I think I was aided at the time by reading several books around Origin that helped me appreciate it more — an updated version of the book in contemporary language, and then a biography of Darwin that focused on the impact of it. I’m surprised it would be assigned in high school….I don’t think we ever received any nonfiction readings that weren’t plays.
I think AH’s book has the perfect title – “My Struggle” as in a struggle to read it! So, good luck with that one. I’ve heard that it’s VERY very dull and although, like you, I want to read a good few of the worlds influential books, this REALLY didn’t make my list – as in anywhere on the list.
‘Origin’ is definitely going to be read at some point…. eventually….

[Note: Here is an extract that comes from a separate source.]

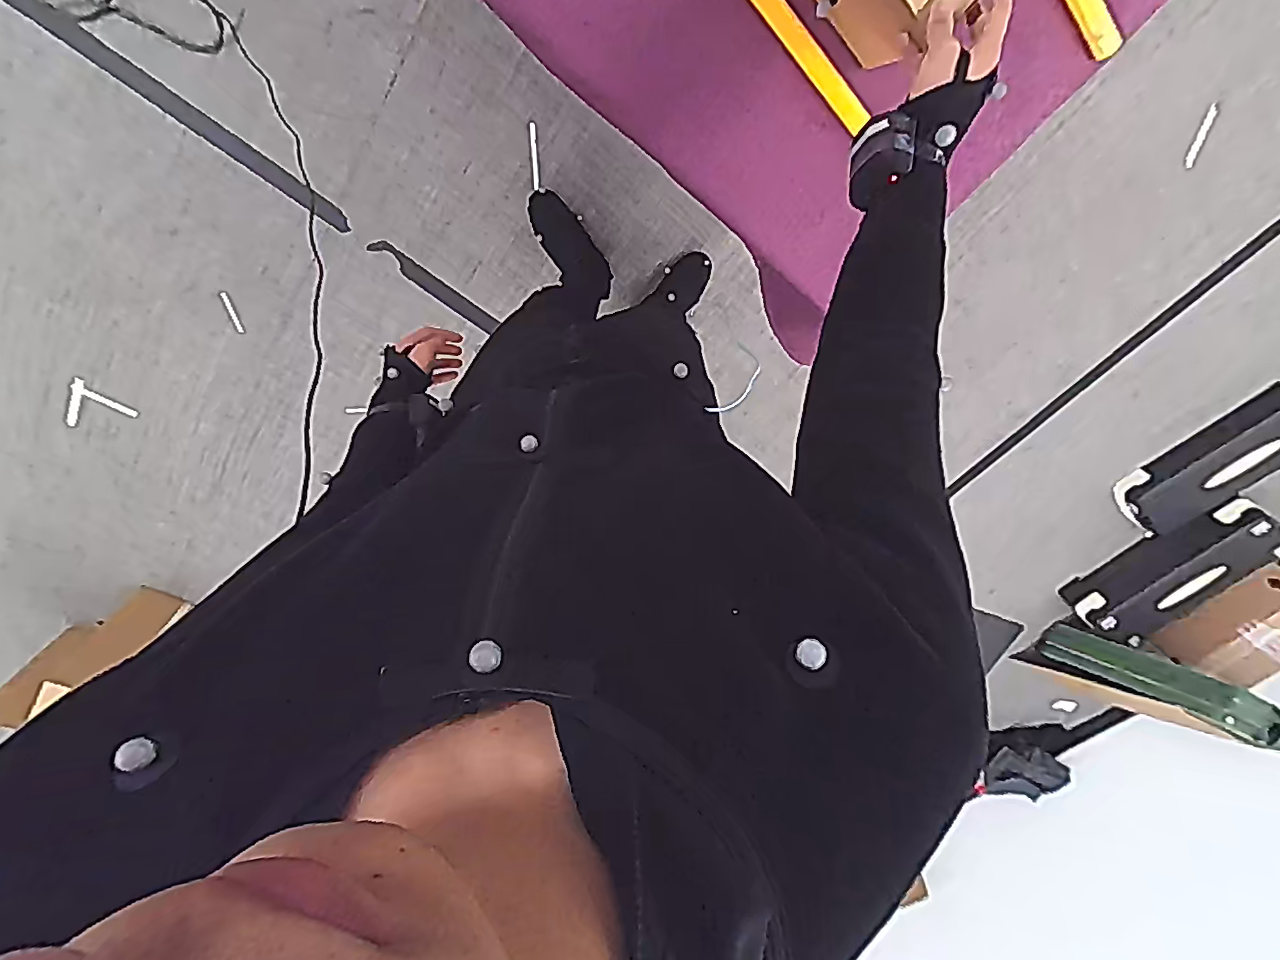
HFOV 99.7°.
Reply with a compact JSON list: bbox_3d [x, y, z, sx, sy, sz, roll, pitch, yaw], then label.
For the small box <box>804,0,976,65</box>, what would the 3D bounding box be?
[{"bbox_3d":[0.252,-0.540,0.516,0.179,0.176,0.168,36,115,-23],"label":"small box"}]

I imagine it probably doesn’t attract the most enthusiastic of translators! It’s not like say, the Aeneid or the Divine Comedy, where different classicists try to find the perfect balance between accuracy, rhyme, and rhythm.
Good reasons for reading it.
That’s one I was never much interested in reading, though I agree that it could be really educational if you were looking at how AH was trying to position himself at the time.
I haven’t read this one yet, either. For a while now, I’ve thought of reading up on how eugenics (and to an extent, fascism) gained popularity in the UK and the US at the turn of the century. But such a grim topic doesn’t naturally rise to the top of my TBR. I like your idea of grouping like books together and knocking them out in a short time frame.